The politics goes on

Politics did not become divorced from art with the revolutions of 1989. The message is now more critical, the style has become more anarchic and the humour is more openly biting, but the interest in politics is still very much apparent: the space on a wall where a relief bust of Lenin once hung has the sticker "For Rent" slapped across it, a poster advertising a concert for the victims of Communism shows a white dove trapped in a red-star cage and a slogan invites cyclists to unite as "You have nothing to lose but your chains."

However, for all its excellence, its humour and its intrinsic interest value, Signs of the Times is a dense and difficult exhibition. The works are hung closely together two or three high and are hard to appreciate as individual works of aesthetic value.

Click on me for an enlargement!
  Latvian homage to Stalin
There is an overload of information: the basic visual design of the posters vies with small printed labels offering translations of the slogans and a short explanation putting the work in context. Although these give invaluable insights into the relevance of the posters the competing textual and graphic elements break up the continuity of the exhibition.
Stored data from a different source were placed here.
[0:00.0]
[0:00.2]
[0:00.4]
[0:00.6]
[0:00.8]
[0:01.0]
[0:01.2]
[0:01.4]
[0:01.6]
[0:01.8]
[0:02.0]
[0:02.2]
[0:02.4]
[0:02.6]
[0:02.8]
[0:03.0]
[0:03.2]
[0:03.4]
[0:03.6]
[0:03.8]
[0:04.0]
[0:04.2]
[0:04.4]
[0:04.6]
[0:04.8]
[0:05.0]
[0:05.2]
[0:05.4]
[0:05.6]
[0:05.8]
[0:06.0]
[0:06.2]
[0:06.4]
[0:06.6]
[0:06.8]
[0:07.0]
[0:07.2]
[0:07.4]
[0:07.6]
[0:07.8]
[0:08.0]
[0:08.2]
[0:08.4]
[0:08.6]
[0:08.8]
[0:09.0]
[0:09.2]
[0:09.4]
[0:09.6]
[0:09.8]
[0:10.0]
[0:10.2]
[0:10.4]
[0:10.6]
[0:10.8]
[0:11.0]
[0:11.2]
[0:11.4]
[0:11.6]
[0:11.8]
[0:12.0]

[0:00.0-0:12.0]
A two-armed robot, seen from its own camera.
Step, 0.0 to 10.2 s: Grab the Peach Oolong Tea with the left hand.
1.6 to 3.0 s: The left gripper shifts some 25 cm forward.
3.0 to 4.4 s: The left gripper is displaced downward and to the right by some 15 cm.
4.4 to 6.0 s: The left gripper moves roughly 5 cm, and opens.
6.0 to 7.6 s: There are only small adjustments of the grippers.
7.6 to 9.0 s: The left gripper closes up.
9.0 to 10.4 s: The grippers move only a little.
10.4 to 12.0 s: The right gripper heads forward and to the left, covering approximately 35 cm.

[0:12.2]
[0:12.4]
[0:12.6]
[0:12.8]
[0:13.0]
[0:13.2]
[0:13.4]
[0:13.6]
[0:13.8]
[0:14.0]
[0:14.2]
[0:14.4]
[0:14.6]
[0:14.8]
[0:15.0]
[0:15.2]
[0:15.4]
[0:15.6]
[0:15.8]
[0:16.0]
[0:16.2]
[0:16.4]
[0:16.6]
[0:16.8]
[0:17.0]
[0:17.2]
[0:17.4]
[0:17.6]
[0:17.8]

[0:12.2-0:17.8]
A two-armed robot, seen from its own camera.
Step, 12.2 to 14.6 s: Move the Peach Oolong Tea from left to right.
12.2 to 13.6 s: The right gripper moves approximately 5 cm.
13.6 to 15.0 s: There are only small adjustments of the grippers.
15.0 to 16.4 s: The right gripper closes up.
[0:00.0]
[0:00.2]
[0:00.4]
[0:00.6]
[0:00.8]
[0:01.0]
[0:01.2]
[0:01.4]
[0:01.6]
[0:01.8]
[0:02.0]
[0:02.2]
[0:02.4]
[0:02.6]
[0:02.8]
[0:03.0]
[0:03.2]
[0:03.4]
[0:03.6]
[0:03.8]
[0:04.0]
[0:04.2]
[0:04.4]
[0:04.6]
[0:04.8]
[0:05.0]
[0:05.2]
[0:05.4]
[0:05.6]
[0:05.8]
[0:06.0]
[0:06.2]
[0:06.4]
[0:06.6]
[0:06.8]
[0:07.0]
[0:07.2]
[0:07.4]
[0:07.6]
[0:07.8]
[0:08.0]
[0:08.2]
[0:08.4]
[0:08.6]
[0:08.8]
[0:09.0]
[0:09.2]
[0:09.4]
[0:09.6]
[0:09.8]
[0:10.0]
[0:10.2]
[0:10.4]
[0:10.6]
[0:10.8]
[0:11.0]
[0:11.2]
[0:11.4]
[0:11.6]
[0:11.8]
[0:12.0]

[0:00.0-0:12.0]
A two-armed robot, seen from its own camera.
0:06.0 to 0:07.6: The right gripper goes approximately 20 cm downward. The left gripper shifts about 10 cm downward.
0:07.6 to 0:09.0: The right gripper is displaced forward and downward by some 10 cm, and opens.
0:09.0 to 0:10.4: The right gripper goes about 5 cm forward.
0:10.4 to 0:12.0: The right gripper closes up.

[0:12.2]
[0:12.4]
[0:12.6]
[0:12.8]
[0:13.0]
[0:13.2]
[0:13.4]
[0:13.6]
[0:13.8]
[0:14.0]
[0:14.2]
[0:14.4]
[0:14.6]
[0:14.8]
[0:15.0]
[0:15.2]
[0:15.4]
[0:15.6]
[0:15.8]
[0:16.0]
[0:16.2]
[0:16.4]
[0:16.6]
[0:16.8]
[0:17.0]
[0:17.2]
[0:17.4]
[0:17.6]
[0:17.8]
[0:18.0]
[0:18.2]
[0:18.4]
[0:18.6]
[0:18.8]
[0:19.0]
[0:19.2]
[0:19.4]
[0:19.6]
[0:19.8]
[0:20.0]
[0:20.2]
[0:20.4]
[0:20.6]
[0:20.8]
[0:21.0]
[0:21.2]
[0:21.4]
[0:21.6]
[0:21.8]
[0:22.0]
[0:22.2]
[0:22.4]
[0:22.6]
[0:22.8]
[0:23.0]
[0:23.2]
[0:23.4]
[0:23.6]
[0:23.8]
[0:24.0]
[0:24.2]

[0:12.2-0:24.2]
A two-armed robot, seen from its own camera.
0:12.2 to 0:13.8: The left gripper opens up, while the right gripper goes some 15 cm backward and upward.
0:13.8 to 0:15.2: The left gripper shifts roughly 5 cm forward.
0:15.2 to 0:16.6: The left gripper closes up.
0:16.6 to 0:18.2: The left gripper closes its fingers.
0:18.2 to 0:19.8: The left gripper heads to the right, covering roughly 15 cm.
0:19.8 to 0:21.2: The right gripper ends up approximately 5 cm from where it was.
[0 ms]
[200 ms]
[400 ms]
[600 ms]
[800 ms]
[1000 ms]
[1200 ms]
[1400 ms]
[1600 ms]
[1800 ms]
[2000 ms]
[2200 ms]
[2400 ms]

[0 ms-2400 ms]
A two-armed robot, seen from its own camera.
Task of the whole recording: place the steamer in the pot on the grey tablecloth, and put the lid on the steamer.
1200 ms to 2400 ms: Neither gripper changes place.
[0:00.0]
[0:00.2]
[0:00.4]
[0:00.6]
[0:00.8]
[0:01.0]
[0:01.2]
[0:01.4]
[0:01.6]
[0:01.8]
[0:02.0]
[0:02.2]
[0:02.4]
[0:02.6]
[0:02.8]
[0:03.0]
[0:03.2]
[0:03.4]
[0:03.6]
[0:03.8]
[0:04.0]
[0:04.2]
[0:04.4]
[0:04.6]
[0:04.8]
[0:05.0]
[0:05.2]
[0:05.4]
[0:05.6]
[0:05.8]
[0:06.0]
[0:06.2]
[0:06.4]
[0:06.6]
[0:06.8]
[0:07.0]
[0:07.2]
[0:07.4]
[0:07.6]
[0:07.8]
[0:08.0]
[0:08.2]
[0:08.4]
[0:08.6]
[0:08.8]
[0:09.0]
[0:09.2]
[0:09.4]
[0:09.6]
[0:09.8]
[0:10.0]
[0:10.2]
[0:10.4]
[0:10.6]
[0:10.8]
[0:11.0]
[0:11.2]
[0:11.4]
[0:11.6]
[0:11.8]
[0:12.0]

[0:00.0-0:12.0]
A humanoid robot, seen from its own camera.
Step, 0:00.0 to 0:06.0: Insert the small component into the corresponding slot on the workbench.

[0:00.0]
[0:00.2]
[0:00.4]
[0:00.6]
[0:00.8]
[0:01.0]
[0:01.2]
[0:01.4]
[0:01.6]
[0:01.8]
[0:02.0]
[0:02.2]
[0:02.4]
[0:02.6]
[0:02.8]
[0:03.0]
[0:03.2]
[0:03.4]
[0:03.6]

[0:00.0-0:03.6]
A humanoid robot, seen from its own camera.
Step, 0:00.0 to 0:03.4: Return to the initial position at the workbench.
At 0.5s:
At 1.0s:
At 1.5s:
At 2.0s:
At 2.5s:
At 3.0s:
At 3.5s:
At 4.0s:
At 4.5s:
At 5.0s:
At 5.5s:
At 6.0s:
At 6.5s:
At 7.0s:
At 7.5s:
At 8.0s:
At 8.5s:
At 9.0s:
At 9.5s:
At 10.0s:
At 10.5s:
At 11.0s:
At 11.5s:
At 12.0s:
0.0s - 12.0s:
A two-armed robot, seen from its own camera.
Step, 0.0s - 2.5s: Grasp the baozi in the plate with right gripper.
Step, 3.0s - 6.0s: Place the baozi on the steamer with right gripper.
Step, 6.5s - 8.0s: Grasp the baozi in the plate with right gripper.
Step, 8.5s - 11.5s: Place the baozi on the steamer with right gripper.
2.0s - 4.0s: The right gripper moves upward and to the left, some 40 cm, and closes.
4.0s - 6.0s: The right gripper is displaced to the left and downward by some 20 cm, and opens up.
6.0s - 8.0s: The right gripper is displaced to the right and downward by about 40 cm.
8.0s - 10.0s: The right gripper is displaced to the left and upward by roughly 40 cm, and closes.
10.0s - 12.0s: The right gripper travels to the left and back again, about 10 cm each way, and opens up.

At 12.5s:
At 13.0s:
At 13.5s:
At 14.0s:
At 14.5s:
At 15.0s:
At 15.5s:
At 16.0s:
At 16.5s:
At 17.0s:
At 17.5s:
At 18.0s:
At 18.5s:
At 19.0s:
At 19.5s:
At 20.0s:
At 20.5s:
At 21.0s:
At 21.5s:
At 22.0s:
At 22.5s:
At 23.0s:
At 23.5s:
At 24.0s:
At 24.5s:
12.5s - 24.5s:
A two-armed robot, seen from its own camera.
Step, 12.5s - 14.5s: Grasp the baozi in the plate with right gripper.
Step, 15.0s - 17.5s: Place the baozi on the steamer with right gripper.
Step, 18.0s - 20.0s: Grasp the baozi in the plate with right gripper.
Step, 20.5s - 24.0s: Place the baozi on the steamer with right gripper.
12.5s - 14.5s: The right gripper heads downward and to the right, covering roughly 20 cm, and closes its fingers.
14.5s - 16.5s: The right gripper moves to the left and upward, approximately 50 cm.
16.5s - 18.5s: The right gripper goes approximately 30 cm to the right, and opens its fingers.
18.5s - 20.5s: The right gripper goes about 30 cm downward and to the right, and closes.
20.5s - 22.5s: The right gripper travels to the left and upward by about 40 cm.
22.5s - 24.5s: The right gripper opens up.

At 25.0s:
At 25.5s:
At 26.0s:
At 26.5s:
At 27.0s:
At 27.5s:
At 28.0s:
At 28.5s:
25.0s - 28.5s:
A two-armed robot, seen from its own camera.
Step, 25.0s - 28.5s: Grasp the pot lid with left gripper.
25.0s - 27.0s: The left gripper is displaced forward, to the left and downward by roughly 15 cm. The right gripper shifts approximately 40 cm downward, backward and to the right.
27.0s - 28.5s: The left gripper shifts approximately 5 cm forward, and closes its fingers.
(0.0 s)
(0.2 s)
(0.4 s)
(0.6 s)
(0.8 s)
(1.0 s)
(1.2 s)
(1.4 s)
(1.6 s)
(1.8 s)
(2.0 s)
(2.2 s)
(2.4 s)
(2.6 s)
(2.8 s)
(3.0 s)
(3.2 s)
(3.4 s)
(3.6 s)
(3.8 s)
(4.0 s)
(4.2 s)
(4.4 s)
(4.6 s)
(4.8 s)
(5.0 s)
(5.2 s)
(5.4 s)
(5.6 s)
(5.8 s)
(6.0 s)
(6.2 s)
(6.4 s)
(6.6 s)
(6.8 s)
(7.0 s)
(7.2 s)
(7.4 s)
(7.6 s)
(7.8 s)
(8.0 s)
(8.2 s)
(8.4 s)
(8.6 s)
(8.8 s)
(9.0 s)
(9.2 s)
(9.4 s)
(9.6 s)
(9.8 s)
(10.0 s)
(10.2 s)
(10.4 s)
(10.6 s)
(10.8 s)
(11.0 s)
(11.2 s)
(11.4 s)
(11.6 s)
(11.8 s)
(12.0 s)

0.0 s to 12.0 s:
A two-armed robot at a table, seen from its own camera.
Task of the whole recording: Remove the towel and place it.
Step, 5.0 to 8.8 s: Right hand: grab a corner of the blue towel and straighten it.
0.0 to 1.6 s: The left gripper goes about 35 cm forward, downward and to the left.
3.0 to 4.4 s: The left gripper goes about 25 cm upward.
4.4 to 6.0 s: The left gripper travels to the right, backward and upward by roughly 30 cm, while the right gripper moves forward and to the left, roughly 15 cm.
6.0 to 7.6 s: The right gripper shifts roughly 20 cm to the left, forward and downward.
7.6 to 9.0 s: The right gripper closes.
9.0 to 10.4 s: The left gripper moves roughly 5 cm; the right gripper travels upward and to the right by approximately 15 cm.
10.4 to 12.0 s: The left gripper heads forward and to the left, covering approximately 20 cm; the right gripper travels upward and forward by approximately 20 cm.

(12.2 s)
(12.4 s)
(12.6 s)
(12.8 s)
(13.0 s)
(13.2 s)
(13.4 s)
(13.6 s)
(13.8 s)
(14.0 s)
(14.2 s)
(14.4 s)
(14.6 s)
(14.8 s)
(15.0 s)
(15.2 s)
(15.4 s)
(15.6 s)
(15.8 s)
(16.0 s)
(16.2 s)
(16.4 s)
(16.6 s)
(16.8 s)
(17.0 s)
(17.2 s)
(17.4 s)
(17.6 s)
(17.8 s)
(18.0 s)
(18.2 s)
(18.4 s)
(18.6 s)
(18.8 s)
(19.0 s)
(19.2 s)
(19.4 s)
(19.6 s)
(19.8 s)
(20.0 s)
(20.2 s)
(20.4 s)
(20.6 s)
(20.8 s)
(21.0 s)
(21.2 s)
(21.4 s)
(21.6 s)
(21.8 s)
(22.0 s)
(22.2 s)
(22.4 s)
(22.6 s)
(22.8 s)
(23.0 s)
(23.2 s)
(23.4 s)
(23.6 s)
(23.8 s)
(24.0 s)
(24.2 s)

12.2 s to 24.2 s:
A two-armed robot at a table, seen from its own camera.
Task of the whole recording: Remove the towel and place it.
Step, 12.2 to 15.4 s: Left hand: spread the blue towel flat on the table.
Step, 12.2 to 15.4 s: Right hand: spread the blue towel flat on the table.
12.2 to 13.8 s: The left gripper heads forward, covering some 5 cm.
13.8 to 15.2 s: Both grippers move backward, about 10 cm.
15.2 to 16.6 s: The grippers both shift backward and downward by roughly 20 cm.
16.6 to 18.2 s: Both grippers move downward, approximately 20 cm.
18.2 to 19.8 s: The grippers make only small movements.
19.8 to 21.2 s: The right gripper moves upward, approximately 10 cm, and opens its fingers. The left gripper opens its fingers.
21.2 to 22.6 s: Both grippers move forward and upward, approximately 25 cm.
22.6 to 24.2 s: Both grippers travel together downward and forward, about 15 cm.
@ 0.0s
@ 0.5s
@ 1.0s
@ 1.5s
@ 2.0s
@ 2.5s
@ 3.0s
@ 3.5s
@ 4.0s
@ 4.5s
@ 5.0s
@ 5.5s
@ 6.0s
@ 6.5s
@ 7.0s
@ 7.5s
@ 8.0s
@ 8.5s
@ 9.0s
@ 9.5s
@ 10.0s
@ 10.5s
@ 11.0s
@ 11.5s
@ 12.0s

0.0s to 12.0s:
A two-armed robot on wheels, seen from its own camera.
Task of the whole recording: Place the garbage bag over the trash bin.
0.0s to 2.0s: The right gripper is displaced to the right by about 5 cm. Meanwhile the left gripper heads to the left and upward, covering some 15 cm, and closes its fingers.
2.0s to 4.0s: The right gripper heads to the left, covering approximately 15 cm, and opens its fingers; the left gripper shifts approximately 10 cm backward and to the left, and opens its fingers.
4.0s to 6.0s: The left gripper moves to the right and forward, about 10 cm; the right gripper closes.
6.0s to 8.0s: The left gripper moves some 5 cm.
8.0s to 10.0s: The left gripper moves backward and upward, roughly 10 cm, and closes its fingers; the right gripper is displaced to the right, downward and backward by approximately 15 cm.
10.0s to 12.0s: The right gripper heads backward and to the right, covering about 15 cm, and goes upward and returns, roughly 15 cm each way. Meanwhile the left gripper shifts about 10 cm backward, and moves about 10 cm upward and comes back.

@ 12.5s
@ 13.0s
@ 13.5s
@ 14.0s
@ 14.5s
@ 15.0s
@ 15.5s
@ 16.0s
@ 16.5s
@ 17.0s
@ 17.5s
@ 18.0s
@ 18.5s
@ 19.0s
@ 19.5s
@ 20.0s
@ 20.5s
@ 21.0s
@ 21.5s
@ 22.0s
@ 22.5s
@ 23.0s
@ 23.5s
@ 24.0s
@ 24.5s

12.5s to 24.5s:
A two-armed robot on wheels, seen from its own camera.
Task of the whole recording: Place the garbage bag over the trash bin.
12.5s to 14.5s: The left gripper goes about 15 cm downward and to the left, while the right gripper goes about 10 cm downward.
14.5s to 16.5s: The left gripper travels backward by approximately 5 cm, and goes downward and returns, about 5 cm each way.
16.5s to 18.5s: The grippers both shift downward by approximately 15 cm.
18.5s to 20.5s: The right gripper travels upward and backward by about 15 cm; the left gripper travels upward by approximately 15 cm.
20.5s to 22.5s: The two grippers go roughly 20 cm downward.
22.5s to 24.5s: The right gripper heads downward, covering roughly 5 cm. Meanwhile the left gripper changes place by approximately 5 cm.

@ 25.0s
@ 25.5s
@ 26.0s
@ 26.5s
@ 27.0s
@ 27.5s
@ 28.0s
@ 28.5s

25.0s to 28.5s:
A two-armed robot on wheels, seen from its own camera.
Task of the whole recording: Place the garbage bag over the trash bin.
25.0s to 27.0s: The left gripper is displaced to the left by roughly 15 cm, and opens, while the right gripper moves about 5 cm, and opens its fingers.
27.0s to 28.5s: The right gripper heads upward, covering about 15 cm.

Moreover, the categorisation of the pictures further confuses things. Sections are thematic, with areas including depictions of leaders and internal and external enemies. This means that posters from different political climates (Communism, post-Communism and even one poster from the fascist war years) with different political aims, different national trends and different aesthetic styles are all mixed together. There is also little attention to the subtle but interesting distinction between those artists who used politics as a means to practice art and those who used art as a means to practice politics.

A better guide?

In this respect, the book accompanying the exhibition Political Posters in Central and Eastern Europe 1945-1995 by James Aulich and Marta Sylvestrová fares rather better, taking a chronological tour of the region before plunging into thematics. The book is also a rather better medium for explaining the essential background to the posters, with its linear text and space for more substantial explanation admirably creating the framework for understanding political posters that is so elusive at the exhibition.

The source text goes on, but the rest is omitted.